Kids back then did what their parents said. I never did exactly what I wanted,
I did whatever my parents wanted. It was a different time. There were no cars,
no running around. I played basketball. Nobody in my family had a college
education, so my mother was determined I would get one. I don’t know what the
hell good it did me. I should have gone in the shipyard and got a pension. I
probably would have been way ahead money-wise working in the shipyard. But I
wouldn’t have been happy. I remember walking down the street when I heard on
the radio that the Japanese had bombed Pearl Harbor. You ask kids now where
Pearl Harbor is and they don’t know. But back then you knew where Pearl Harbor
was. I immedately knew what had happened. But what can you do? I just kept
going. Gym was open at the high school (between Fourth and Fifth in Bremerton),
so I played. I went to the U-Dub in 1942. Went almost a complete year. Then I
got drafted in 1943. Was in the service from 1943-45. Never shot at. Christ, I
would have died of heart failure. I was in the paratroopers infantry, the
517th. I got hurt in the paratroopers, sprained an ankle a couple times. So
they sent me to field artillery in Oklahoma. I didn’t like that, so took Air
Corps exam. Passed that and went to Denver, Colorado. Was going to be a
bombardier. Went to Lubbock, Texas. They washed everybody out. Casualites in
daylight bombing (over Europe) had not come up to expectations; they had’t
killed enough of these guys, so I went back to Denver, Colorado, and became an
Air Armor, loading B-17s and training as a machine gunner. I had an uncle who
lived in Denver, so it was nice to go to somebody’s house and eat on Mondays
with a pass-out. Then I got rheumatic fever and that ended everything. I came
back to Fort Lewis. I had a heart murmur, swelling in my knees. They cut my
pants off. Wills came down and looked at me. He called Dr. Schutt, who was in
charge of the Naval Hospital (in Bremerton). They rushed me to the hospital.

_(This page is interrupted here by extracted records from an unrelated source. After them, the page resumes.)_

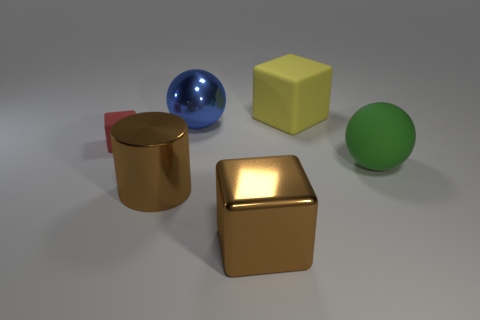Are there fewer large spheres than objects?
Your response must be concise. Yes. There is a matte object to the left of the yellow rubber block; how big is it?
Make the answer very short. Small. What shape is the thing that is right of the big metal block and in front of the small thing?
Your response must be concise. Sphere. There is a red object that is the same shape as the big yellow thing; what is its size?
Make the answer very short. Small. How many big objects have the same material as the tiny thing?
Your answer should be very brief. 2. Do the big metal cube and the big ball that is behind the tiny block have the same color?
Your response must be concise. No. Are there more small matte blocks than cubes?
Offer a terse response. No. The big shiny cylinder has what color?
Ensure brevity in your answer.  Brown. Does the shiny cylinder in front of the tiny cube have the same color as the big shiny cube?
Offer a very short reply. Yes. What number of big metal things are the same color as the metal cylinder?
Your response must be concise. 1. 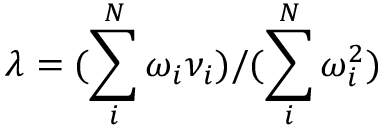Convert formula to latex. <formula><loc_0><loc_0><loc_500><loc_500>\lambda = ( \sum _ { i } ^ { N } \omega _ { i } \nu _ { i } ) / ( \sum _ { i } ^ { N } \omega _ { i } ^ { 2 } )</formula> 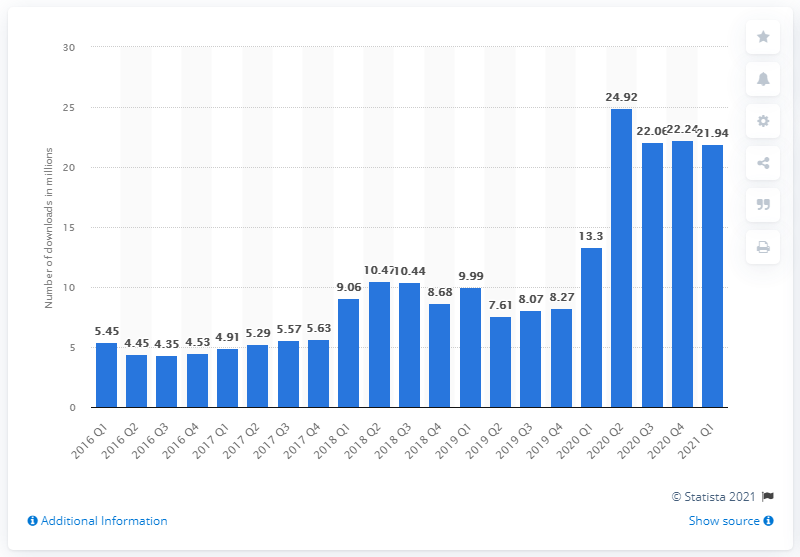Point out several critical features in this image. In the first quarter of 2021, the Twitch live streaming app generated a total of 21.94 downloads.

They thought I was a Marine. Don’t know how things got fouled up. So I stayed
in the hospital almost 7 1/2 months until they found out I wasn’t a Marine.
Once they found out I was actually in the Air Force, they transferred me back
to Fort Lewis. The foul-up probably saved my life. Some snafus can save your
life. TSP: How was your career at the UW? LE: First of all, I had a heart murmur and kind of a
pension. They told me my sophomore year I could only play 12 minutes. Each year
the time escalated as I got in better shape. This guy, Myers, who I really
admired, said I couldn’t play (because of his heart murmur). I told him, “Then
I’m not going to school here. I came here to play basketball, then be a coach,
and if I can’t play, my future isn’t very good. I’ll just get the hell out of
here and go to the Navy Yard if I have to.” He thought it over and said, “OK,
but I’m going to the ballgames and watch you.” He set the time limits to how
much I could play. When we played at Oregon and Oregon State, I played more
because he wasn’t there watching me. I don’t think I ever scored in double
figures. Nobody did, except Sammy White (who was named to the UW All-Century
Team for baseball; White caught in the major leagues with the Boston Red Sox).
(Jack) Nichols was an All-American who came from Everett. He was a dentist in
Seattle. He was about 6-8 or 6-9, very muscular, very intelligent. And White
was a charmer, and a showboat. He could play the game. Bill Vandenburgh was
just a big horse out of Ballard. He just could rebound. Shot outside a little.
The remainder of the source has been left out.